Task goal:
Would you output the lines from the one with "Image width covers 42.2°." through the last line of the material below, exactly, but without pictures?

Data shown:
•••

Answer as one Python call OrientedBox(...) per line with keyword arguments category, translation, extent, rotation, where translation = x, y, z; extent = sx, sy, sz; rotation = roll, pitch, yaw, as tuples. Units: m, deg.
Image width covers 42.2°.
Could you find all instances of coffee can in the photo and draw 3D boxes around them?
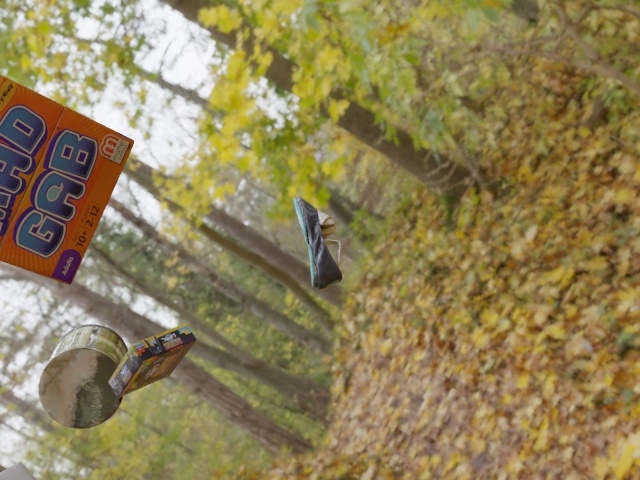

•••

Exercise output:
Image width covers 42.2°.
Could you find all instances of coffee can in the photo and draw 3D boxes around them?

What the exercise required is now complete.